• _Goal of the exercise_: Set down, exactly as written, the lines from the top of the data to the line that holds "414, 780, 820]", and omit the pictures.

··· Information supplied ···

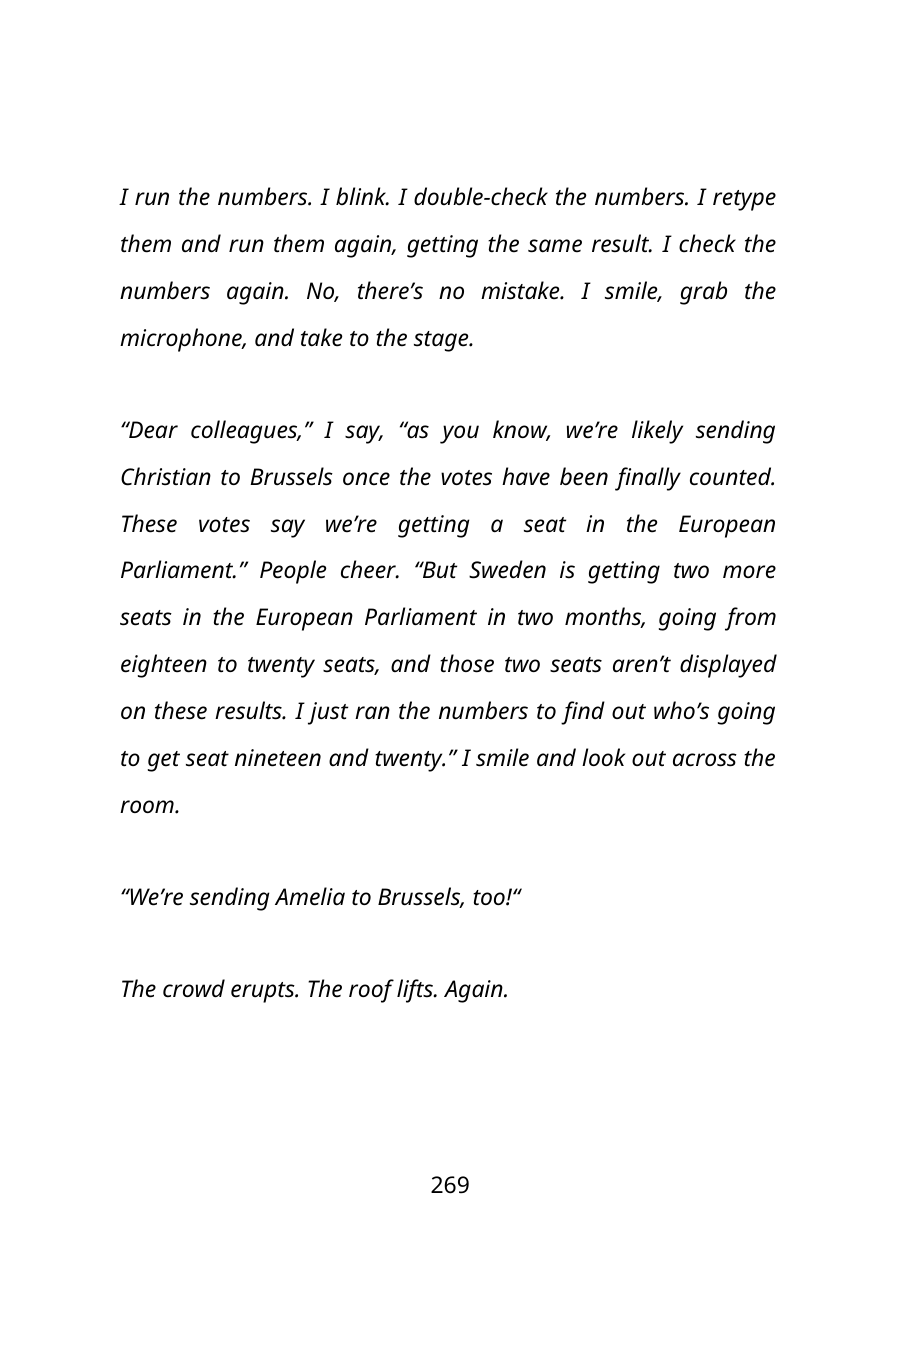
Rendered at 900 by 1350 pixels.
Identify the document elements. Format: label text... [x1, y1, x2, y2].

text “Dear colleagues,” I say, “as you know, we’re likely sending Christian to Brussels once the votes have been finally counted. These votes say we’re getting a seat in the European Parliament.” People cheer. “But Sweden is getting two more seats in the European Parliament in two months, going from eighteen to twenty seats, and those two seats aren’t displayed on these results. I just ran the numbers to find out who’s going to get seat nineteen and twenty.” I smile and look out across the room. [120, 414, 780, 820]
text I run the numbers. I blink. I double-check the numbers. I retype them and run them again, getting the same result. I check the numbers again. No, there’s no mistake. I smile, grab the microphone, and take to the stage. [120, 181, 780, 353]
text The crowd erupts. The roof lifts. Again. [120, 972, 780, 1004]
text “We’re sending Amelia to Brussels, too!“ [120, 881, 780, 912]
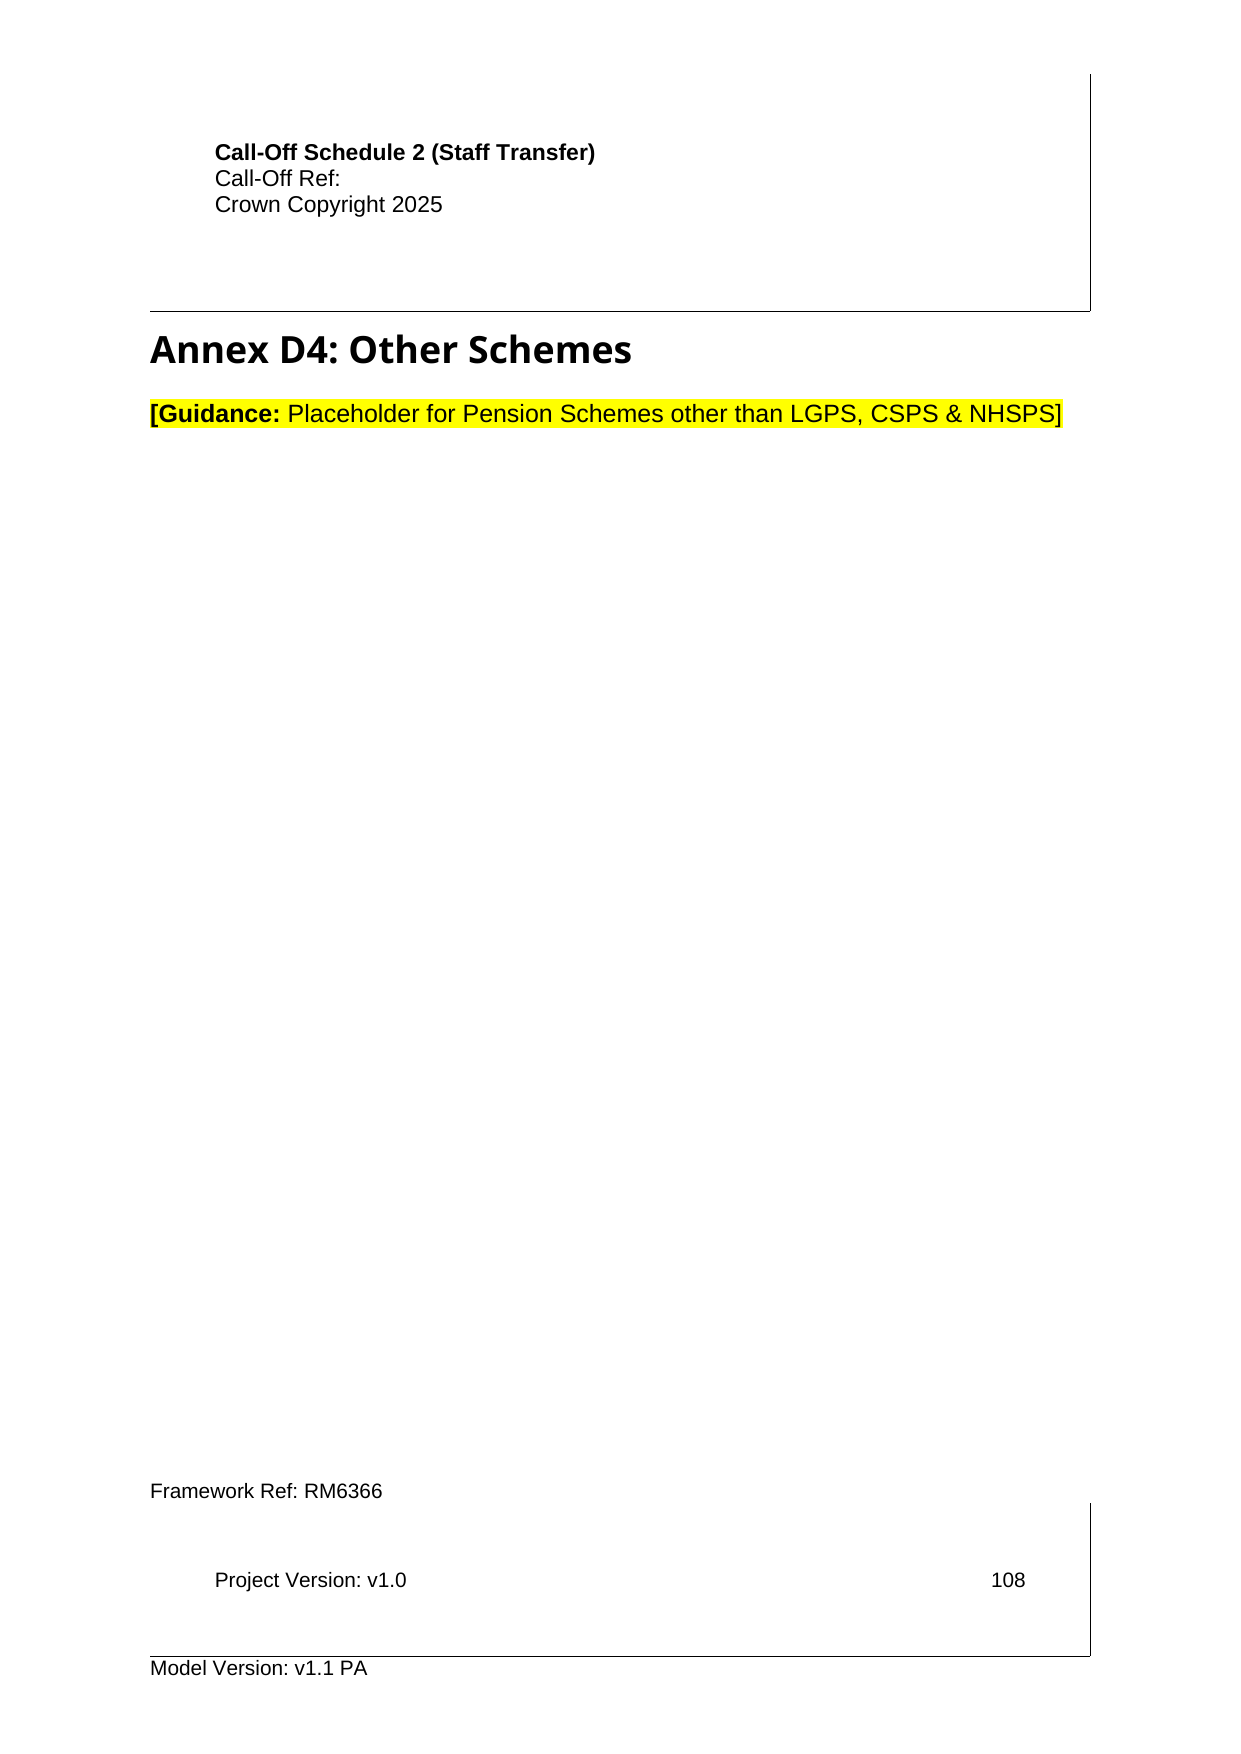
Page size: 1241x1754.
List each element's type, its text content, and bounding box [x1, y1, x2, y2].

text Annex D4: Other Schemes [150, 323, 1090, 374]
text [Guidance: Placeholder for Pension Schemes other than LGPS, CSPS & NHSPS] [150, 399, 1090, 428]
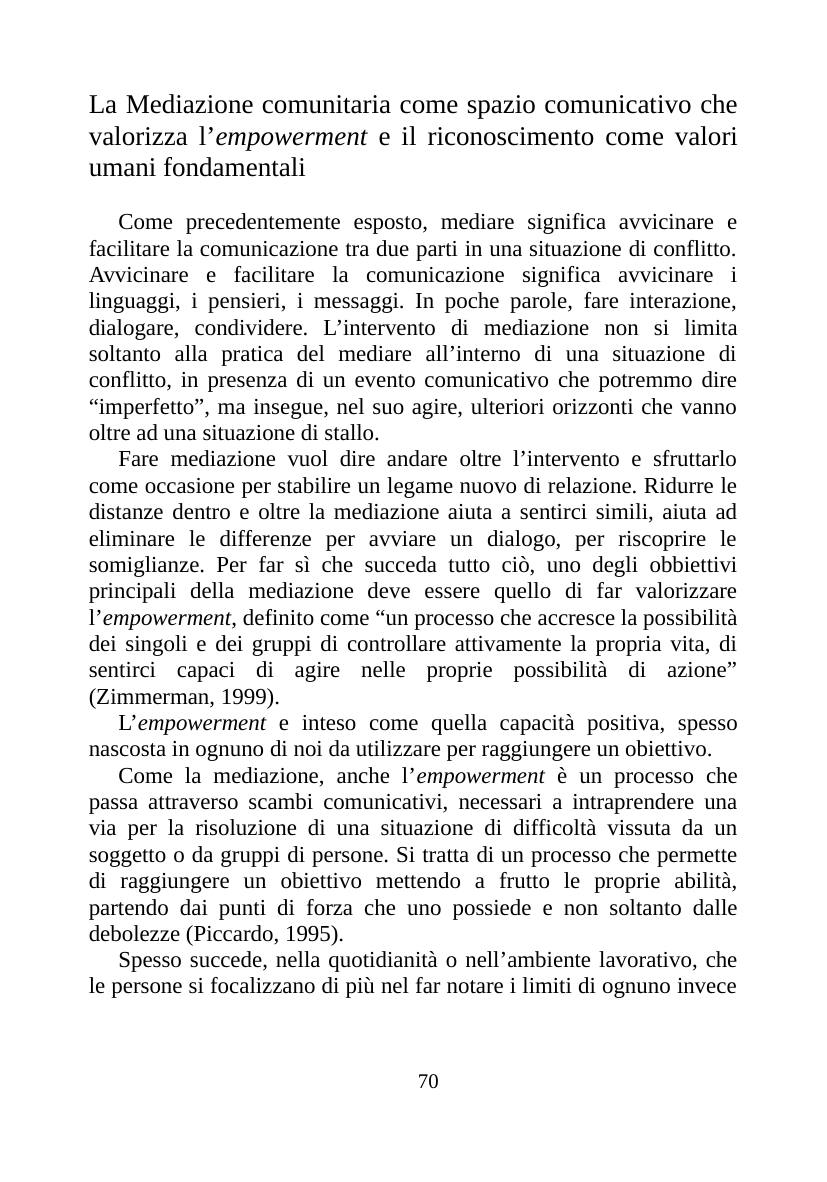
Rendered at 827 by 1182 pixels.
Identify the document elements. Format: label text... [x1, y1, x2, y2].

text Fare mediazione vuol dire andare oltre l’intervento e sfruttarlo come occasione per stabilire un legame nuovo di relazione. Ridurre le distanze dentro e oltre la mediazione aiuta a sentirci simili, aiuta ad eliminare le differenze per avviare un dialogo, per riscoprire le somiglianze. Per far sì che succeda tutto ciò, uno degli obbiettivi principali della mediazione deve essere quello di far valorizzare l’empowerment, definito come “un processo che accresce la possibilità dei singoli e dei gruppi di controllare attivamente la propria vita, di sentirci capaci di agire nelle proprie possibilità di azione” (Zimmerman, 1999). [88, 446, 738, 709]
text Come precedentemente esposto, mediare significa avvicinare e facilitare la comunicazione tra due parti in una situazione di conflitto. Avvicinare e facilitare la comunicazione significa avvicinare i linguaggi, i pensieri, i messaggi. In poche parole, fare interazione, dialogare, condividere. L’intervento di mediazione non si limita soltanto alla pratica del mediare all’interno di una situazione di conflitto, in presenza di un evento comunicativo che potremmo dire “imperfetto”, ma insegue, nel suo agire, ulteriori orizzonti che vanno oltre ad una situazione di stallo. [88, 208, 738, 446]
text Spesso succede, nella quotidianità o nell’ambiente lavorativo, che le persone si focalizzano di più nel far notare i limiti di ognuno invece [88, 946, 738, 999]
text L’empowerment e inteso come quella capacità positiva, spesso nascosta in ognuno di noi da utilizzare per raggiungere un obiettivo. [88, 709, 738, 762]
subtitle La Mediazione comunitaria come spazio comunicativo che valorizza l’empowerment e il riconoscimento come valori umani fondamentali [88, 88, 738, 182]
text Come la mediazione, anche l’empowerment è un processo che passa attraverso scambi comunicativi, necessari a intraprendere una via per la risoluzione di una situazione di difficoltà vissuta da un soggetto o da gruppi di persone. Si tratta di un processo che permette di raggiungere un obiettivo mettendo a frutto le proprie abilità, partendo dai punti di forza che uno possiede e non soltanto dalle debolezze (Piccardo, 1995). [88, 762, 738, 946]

···

• _Worked solution_:
Rendered at 900 by 1350 pixels.
Identify the document elements. Format: label text... [x1, y1, x2, y2].

text “Dear colleagues,” I say, “as you know, we’re likely sending Christian to Brussels once the votes have been finally counted. These votes say we’re getting a seat in the European Parliament.” People cheer. “But Sweden is getting two more seats in the European Parliament in two months, going from eighteen to twenty seats, and those two seats aren’t displayed on these results. I just ran the numbers to find out who’s going to get seat nineteen and twenty.” I smile and look out across the room. [120, 414, 780, 820]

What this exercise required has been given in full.